## [EXERCISE BRIEF]
Wherever a line in the data below holds "first", copy that line.

## [GIVEN DATA]

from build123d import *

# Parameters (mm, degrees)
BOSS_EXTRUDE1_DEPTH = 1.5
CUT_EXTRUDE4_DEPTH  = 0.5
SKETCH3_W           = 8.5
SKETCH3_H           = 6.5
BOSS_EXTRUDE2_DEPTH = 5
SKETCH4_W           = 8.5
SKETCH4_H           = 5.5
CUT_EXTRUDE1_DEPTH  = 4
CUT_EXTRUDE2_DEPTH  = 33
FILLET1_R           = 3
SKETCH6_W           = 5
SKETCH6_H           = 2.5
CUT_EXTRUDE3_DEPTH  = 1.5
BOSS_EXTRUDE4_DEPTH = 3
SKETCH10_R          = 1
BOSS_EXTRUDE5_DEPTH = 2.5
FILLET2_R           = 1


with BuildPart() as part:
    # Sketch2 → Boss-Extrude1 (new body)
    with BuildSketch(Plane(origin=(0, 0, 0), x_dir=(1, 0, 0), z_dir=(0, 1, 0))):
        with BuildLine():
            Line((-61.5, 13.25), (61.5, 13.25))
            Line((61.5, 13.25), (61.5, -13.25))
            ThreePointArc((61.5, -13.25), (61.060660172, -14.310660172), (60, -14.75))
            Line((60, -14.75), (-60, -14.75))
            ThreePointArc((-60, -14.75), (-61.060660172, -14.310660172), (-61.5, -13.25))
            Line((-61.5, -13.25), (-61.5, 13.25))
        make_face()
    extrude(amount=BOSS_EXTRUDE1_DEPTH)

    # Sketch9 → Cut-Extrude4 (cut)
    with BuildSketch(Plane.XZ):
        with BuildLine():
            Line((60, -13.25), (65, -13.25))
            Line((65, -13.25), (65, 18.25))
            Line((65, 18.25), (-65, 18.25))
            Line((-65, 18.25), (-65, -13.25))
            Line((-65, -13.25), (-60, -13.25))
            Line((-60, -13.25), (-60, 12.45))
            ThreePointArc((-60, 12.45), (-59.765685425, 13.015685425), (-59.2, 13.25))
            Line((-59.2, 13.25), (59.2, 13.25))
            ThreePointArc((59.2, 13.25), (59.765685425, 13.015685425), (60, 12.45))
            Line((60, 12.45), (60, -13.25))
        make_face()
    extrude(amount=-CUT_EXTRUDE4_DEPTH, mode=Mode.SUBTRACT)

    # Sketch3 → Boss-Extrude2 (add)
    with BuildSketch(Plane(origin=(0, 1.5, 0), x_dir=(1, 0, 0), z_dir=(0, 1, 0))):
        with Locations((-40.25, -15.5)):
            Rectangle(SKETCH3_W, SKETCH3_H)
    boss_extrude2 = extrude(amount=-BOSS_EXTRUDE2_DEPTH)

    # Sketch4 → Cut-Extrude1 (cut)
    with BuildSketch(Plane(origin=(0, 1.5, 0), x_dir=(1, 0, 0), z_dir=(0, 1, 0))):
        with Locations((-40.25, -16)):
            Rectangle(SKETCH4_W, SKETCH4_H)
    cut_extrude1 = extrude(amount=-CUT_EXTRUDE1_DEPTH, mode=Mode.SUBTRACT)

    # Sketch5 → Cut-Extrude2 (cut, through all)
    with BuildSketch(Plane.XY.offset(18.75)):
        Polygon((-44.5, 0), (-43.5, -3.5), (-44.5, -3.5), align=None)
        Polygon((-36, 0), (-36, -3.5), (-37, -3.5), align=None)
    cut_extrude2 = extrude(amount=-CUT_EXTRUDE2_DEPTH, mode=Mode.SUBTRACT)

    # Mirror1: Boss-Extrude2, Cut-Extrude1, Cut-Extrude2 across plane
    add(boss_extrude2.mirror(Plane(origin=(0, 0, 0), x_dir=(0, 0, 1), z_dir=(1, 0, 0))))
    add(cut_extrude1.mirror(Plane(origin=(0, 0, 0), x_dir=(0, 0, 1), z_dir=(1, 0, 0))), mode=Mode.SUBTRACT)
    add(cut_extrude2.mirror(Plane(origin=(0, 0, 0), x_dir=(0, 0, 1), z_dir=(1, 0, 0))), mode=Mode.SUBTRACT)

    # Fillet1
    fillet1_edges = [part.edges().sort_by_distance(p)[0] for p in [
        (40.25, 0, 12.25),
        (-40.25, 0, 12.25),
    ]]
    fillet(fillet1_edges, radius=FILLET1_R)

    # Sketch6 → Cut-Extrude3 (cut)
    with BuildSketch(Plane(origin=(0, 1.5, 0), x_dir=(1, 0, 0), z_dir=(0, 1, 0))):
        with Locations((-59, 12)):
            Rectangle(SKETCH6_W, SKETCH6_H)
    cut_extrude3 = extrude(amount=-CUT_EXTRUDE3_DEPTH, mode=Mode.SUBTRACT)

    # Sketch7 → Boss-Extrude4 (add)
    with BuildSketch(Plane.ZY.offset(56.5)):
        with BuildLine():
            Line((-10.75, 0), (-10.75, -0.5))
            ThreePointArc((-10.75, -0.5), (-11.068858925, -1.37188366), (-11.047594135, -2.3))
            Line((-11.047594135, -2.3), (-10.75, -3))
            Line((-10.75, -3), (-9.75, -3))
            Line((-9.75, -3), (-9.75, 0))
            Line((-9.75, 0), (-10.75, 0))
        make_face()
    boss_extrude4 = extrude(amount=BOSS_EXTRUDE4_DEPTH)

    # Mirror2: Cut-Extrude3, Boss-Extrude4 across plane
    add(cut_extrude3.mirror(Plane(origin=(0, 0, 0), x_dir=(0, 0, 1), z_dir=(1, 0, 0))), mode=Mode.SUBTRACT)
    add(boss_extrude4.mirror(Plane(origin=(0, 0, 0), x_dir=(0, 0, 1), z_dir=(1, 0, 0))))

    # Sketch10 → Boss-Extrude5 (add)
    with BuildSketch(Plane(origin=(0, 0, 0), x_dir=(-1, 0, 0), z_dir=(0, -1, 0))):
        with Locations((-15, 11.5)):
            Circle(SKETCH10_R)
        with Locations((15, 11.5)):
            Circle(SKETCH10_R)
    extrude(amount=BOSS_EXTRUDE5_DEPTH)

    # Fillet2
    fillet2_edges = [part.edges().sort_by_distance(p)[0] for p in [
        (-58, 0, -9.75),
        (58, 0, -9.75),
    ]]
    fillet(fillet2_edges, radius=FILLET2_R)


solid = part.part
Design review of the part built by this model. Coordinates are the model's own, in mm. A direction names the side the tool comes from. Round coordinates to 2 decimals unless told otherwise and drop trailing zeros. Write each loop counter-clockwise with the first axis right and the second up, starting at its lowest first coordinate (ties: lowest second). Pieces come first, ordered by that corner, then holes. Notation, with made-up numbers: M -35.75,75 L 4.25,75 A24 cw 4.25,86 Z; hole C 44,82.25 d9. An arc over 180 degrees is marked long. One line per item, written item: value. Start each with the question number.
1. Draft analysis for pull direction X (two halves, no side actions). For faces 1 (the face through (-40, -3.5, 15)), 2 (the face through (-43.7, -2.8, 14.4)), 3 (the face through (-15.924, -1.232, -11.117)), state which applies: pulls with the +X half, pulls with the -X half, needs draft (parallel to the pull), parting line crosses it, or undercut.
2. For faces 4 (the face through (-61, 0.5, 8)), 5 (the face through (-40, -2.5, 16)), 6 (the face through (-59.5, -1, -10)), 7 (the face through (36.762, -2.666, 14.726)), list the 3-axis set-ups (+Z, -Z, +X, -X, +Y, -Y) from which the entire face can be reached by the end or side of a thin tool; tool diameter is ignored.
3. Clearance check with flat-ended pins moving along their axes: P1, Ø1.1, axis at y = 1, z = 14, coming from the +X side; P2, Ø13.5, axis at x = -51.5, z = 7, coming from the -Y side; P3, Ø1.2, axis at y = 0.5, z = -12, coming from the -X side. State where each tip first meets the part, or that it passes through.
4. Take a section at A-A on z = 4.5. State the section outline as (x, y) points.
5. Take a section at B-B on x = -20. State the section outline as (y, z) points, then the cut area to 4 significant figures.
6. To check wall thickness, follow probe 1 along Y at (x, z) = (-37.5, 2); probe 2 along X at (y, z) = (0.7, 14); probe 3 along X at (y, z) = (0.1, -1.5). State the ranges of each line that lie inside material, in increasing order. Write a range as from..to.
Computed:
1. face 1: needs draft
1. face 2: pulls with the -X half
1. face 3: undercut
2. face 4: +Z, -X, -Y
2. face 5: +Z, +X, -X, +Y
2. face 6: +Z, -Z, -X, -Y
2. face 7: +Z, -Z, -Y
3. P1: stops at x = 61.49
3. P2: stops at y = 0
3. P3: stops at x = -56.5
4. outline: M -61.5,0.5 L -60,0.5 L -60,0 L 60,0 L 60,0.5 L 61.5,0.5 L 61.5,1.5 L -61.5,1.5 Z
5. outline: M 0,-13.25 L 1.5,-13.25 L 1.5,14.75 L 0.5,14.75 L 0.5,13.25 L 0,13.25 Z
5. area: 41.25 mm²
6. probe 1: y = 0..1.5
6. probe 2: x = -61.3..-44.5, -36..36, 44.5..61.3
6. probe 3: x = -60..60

## [RESULT OF THE TASK]
Design review of the part built by this model. Coordinates are the model's own, in mm. A direction names the side the tool comes from. Round coordinates to 2 decimals unless told otherwise and drop trailing zeros. Write each loop counter-clockwise with the first axis right and the second up, starting at its lowest first coordinate (ties: lowest second). Pieces come first, ordered by that corner, then holes. Notation, with made-up numbers: M -35.75,75 L 4.25,75 A24 cw 4.25,86 Z; hole C 44,82.25 d9. An arc over 180 degrees is marked long. One line per item, written item: value. Start each with the question number.
3. Clearance check with flat-ended pins moving along their axes: P1, Ø1.1, axis at y = 1, z = 14, coming from the +X side; P2, Ø13.5, axis at x = -51.5, z = 7, coming from the -Y side; P3, Ø1.2, axis at y = 0.5, z = -12, coming from the -X side. State where each tip first meets the part, or that it passes through.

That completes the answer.